In general, there are three types of methods to determine pillar stability in hard rock mines. The first one is the safety factor approach. The safety factor indicates the ratio of pillar strength to stress [
8]. Using this method, three parts, namely, pillar strength, pillar stress, and safety threshold, should be determined. For the calculation of pillar strength, many empirical methods have been proposed, such as the linear shape effect, power shape effect, size effect, and Hoek–Brown formulas [
9]. For the determination of pillar stress, tributary area theory, and numerical modeling technology are the main approaches [
10]. Based on the pillar strength and stress, the safety factor can be calculated. A larger safety factor means the pillar is more stable. Theoretically, the safety threshold is assigned as 1. If the safety factor is larger than 1, the pillar is stable, otherwise it is unstable [
11]. Considering the possible deviations of this method, the safety threshold is generally larger than 1 to ensure safety in practice. Although the safety factor method is simple, the unified pillar strength formula and safety threshold are still not determined.

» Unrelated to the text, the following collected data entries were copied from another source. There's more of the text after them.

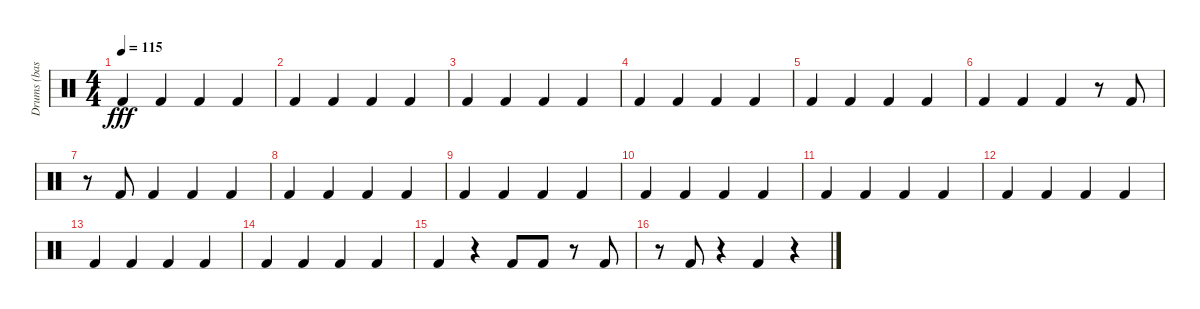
\track ("Drums (bass drum)" "Drums (bas") {instrument percussion}
\staff {score}
\articulation defaults
\ts (4 4)
\tempo 115
\clef neutral
\ks c "Kick (hit) 2".4{dy fff} "Kick (hit) 2".4 "Kick (hit) 2".4 "Kick (hit) 2".4
|
"Kick (hit) 2".4 "Kick (hit) 2".4 "Kick (hit) 2".4 "Kick (hit) 2".4 |
"Kick (hit) 2".4 "Kick (hit) 2".4 "Kick (hit) 2".4 "Kick (hit) 2".4 |
"Kick (hit) 2".4 "Kick (hit) 2".4 "Kick (hit) 2".4 "Kick (hit) 2".4 |
"Kick (hit) 2".4 "Kick (hit) 2".4 "Kick (hit) 2".4 "Kick (hit) 2".4 |
"Kick (hit) 2".4 "Kick (hit) 2".4 "Kick (hit) 2".4 r.8 "Kick (hit) 2".8 |
r.8 "Kick (hit) 2".8 "Kick (hit) 2".4 "Kick (hit) 2".4 "Kick (hit) 2".4 |
"Kick (hit) 2".4 "Kick (hit) 2".4 "Kick (hit) 2".4 "Kick (hit) 2".4 |
"Kick (hit) 2".4 "Kick (hit) 2".4 "Kick (hit) 2".4 "Kick (hit) 2".4 |
"Kick (hit) 2".4 "Kick (hit) 2".4 "Kick (hit) 2".4 "Kick (hit) 2".4 |
"Kick (hit) 2".4 "Kick (hit) 2".4 "Kick (hit) 2".4 "Kick (hit) 2".4 |
"Kick (hit) 2".4 "Kick (hit) 2".4 "Kick (hit) 2".4 "Kick (hit) 2".4 |
"Kick (hit) 2".4 "Kick (hit) 2".4 "Kick (hit) 2".4 "Kick (hit) 2".4 |
"Kick (hit) 2".4 "Kick (hit) 2".4 "Kick (hit) 2".4 "Kick (hit) 2".4 |
"Kick (hit) 2".4 r.4 "Kick (hit) 2".8 "Kick (hit) 2".8 r.8 "Kick (hit) 2".8 |
r.8 "Kick (hit) 2".8 r.4 "Kick (hit) 2".4 r.4
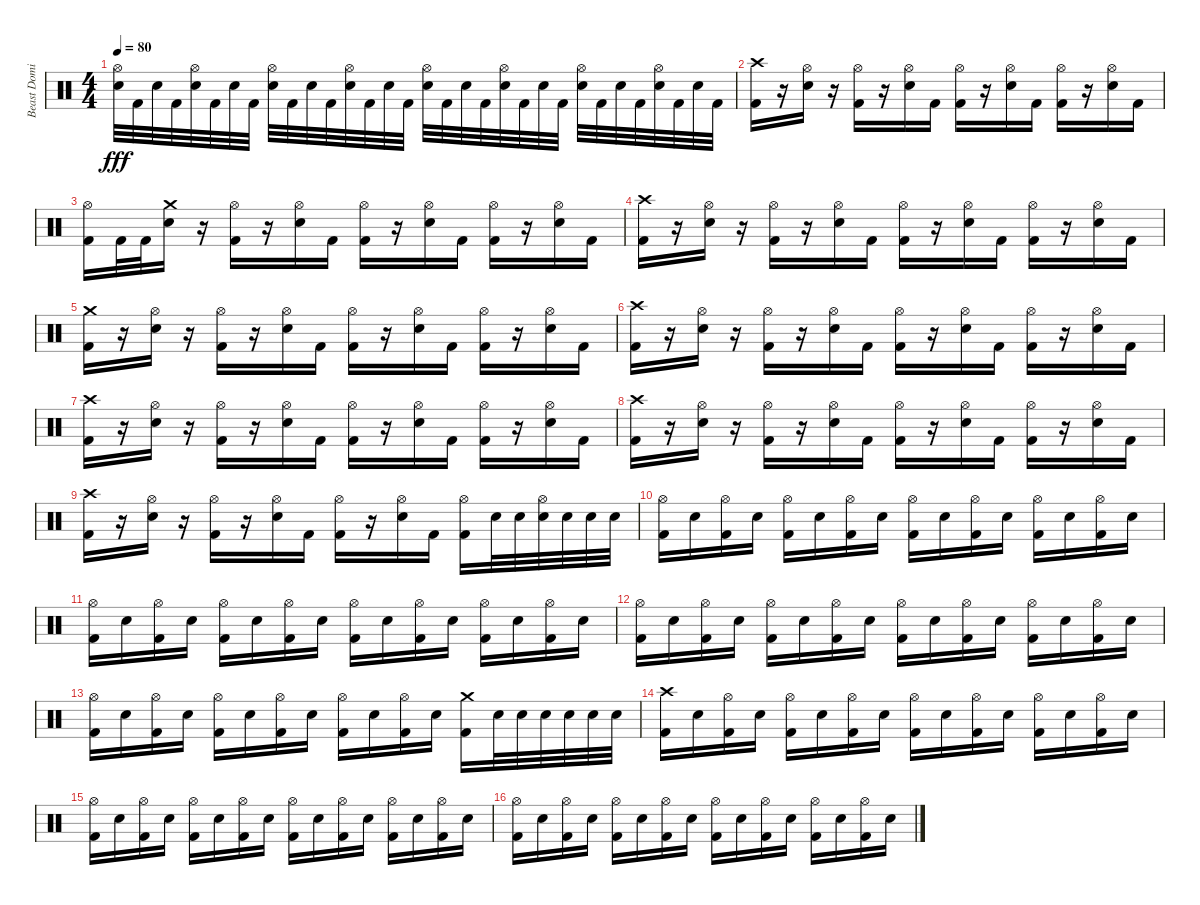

The second one is the numerical simulation technique. Numerical simulation methods have been widely used because the complicated boundary conditions and rock mass properties can be considered. Mortazavi et al. [
12] adopted fast Lagrangian analysis of continua (FLAC) approach to study the failure process and non-linear behavior of rock pillars; Shnorhokian et al. [
13] used FLAC
3D to assess the pillar stability based on different mining sequence scenarios; Elmo and Stead [
14] integrated finite element method (FEM) and discrete element method (DEM) to investigate the failure characteristics of naturally fractured pillars; Li et al. [
15] used rock failure process analysis (RFPA) to evaluate the pillar stability under coupled thermo-hydrologic-mechanical conditions; Jaiswal et al. [
16] utilized boundary element method (BEM) to simulate asymmetry in the induced stresses over pillars; and Li et al. [
17] introduced finite-discrete element method (FDEM) to analyze the mechanical behavior and failure mechanisms of the pillar. In addition, some scholars combined numerical simulation and other mathematical models to study pillar stability. Deng et al. [
18] used FEM, neural networks, and reliability analysis to optimize pillar design; and Griffiths et al. [
19] adopted random field theory, elastoplastic finite element algorithm and Monte-Carlo approach to analyze pillar failure probability. Using numerical simulation techniques, the complex failure behaviors of pillars can be modeled and the failure process and range can be obtained. However, because of the complicated nonlinear characteristics and anisotropic nature of rock mass, the model inputs and constitutive equations are not easy to be accurately determined [
20]. Therefore, the reliability of results obtained by this method is limited.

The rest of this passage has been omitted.